Si bien el PFS es de reciente data, la securitización de la frontera sur que divide administrativamente a Centroamérica y a Norteamérica corresponde más bien a una serie de políticas implementadas por el Gobierno mexicano que se comienzan a gestar a partir de inicios de la década anterior.

Del sexenio de Vicente Fox destaca la puesta en marcha del llamado Plan Sur, el cual ya empezó a fijar su atención en torno a la inmigración indocumentada proveniente del istmo a la vez que comenzó un proceso escalonado de militarización de la frontera por las tres vías: terrestre, aérea y marítima. En gran parte, la implementación de este programa respondía al interés del Gobierno mexicano para la flexibilización de las políticas estadounidenses para con la inmigración proveniente de su vecino del sur. Pocos meses después de la puesta en marcha del Plan Sur, se produjeron los ataques de septiembre de 2001, ocasionando un giro en la política exterior de control migratorio en los Estados Unidos y por lo tanto la redefinición de la migración como asunto de seguridad nacional (Sandoval, 2015: 53).

El contexto del aumento exponencial de la migración de centroamericanos hacia el norte no puede ser entendido sin tomar en cuenta los factores estructurales y contextuales que han potenciado la misma. Durante la década de los ochenta, Centroamérica dejó su condición de “patio trasero” y se convirtió en un escenario central para los Estados Unidos sobre todo en lo referente al combate contra la insurgencia revolucionaria envalentonada a raíz del triunfo de la Revolución Sandinista en 1979. Hoy día es ampliamente conocido el gran despliegue de financiamiento y capacitación efectuado por la Administración Reagan (1981-1989) a las fuerzas armadas de Guatemala, El Salvador y Honduras, principalmente para el combate a los focos guerrilleros y a la avanzada de la influencia soviética en la región.

Pero, ¿a qué viene traer a colación lo anterior?

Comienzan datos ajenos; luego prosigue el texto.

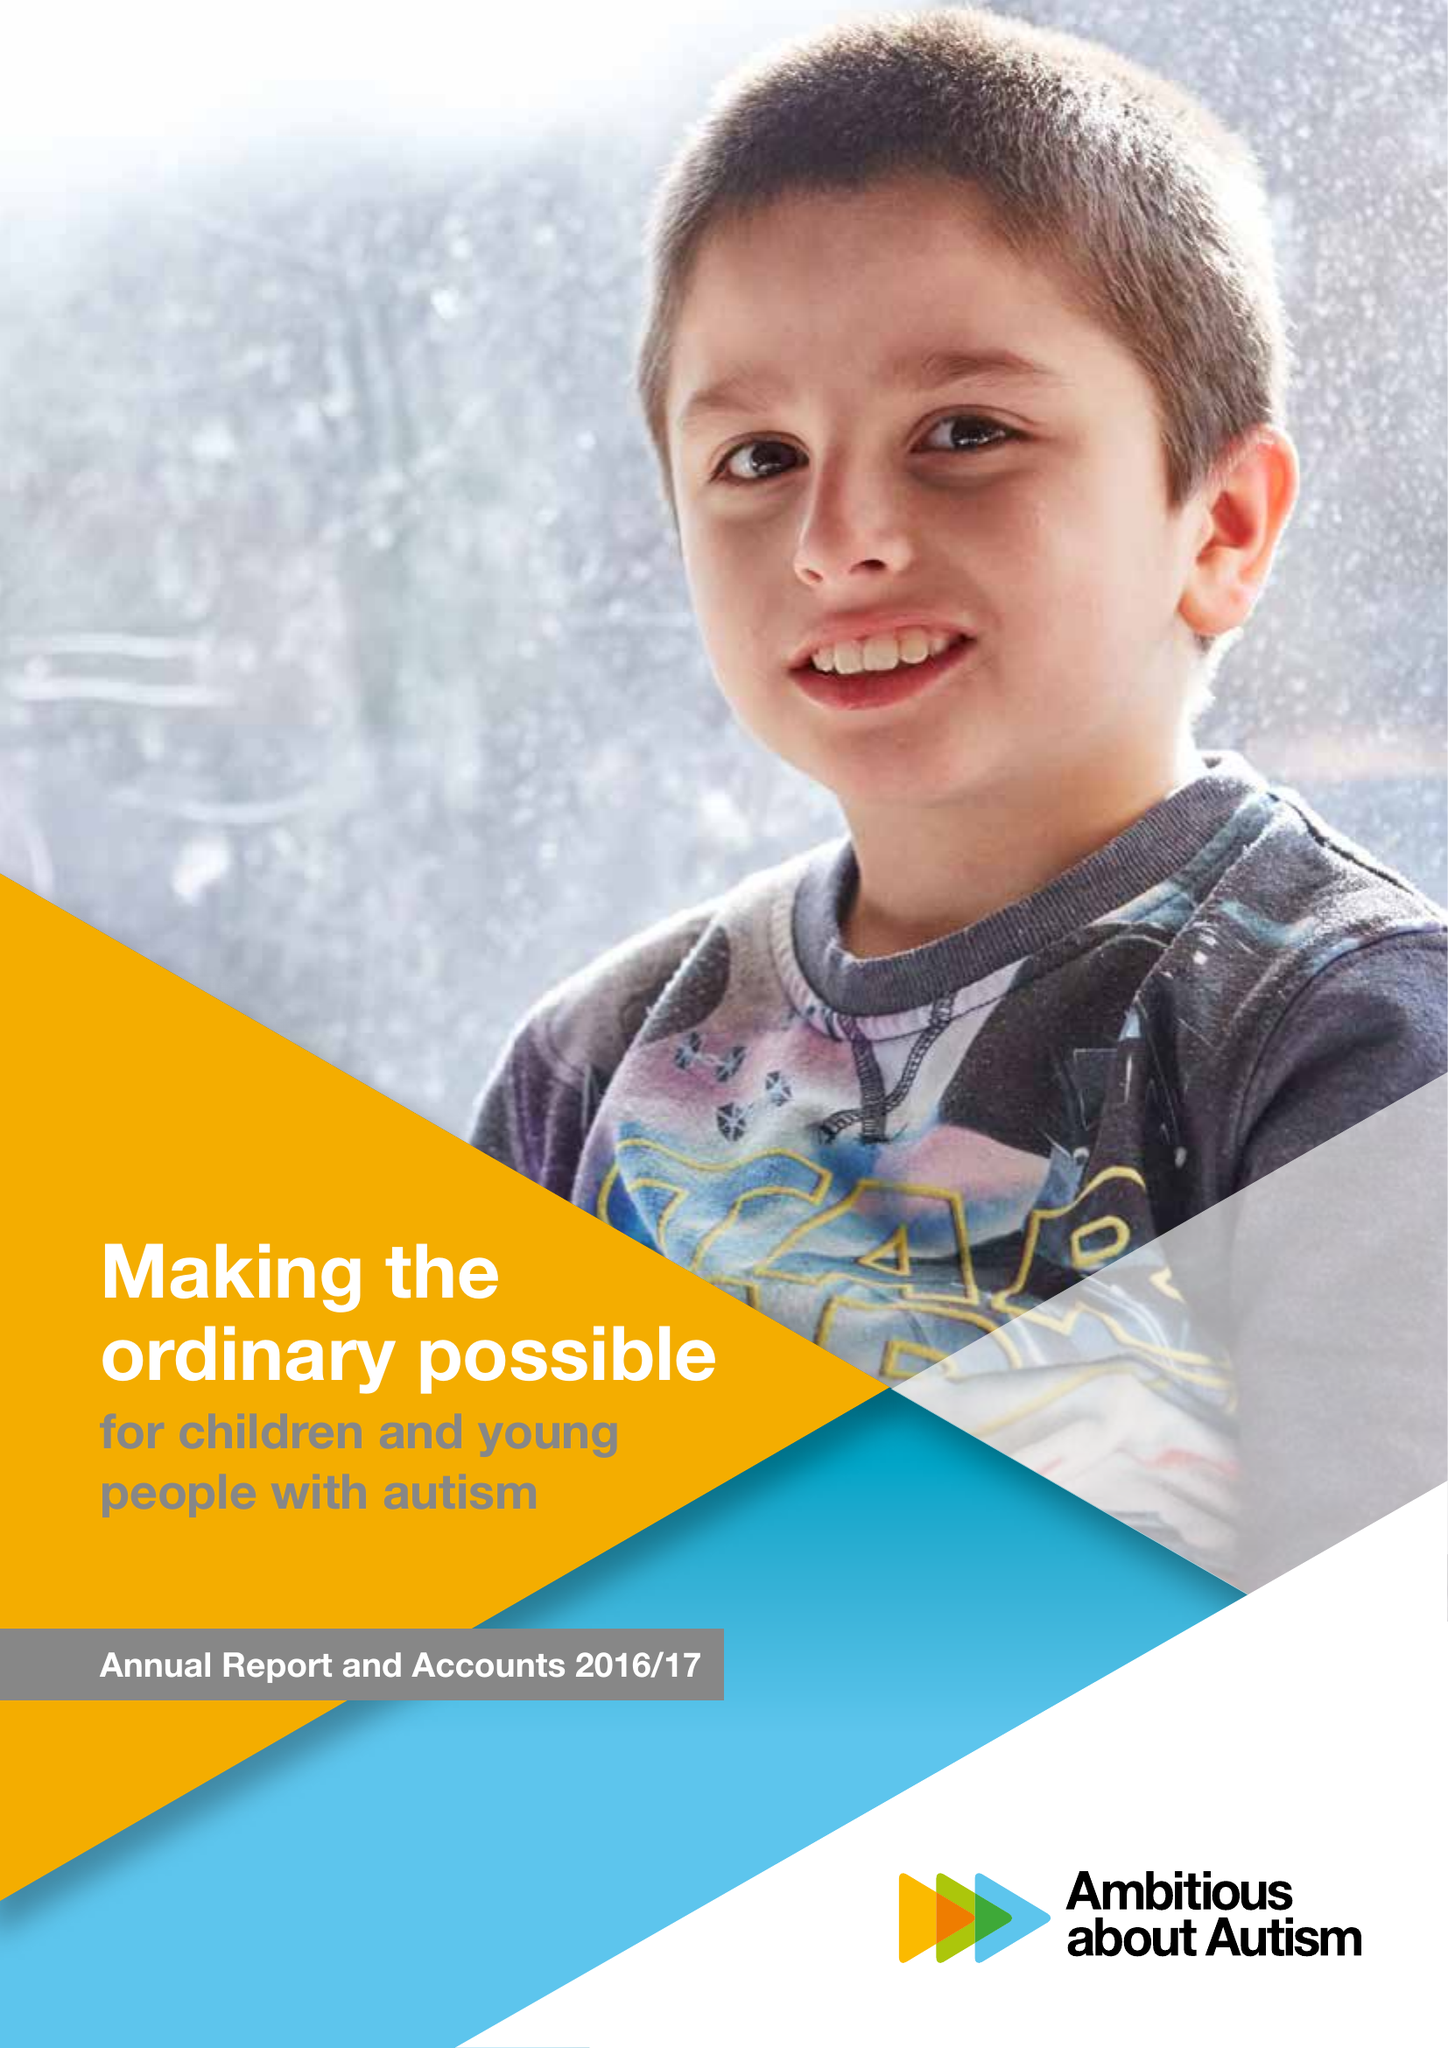What is the value for the spending_annually_in_british_pounds?
Answer the question using a single word or phrase. 17883000.00

La migración forzosa de centroamericanos en la actualidad forma parte de un proceso de rupturas, pero también de continuidades con respecto de los acontecimientos trágicos de la década de los ochenta. Como parte de las continuidades, se explicaría que el inicio y posterior aumento de la migración forzosa en la región vendría precedida en primer lugar de los genocidios perpetuados por las fuerzas armadas, sobre todo en Guatemala y El Salvador, los cuales ya comenzaron a motivar procesos de desplazamientos internos e intrarregionales. En segundo lugar, del proceso de descomposición social legado por los efectos y desplazamientos detonados durante la guerra centroamericana. Como parte de las rupturas vendría a tomarse en cuenta el periodo de pacificación de las guerrillas y una instauración de la democracia electoral en Centroamérica. No obstante, ya durante el periodo democrático han intervenido una serie de factores que han llevado a la migración forzosa a mutar en consonancia con los procesos de apertura comercial y de integración regional (Sandoval, 2015: 2-3).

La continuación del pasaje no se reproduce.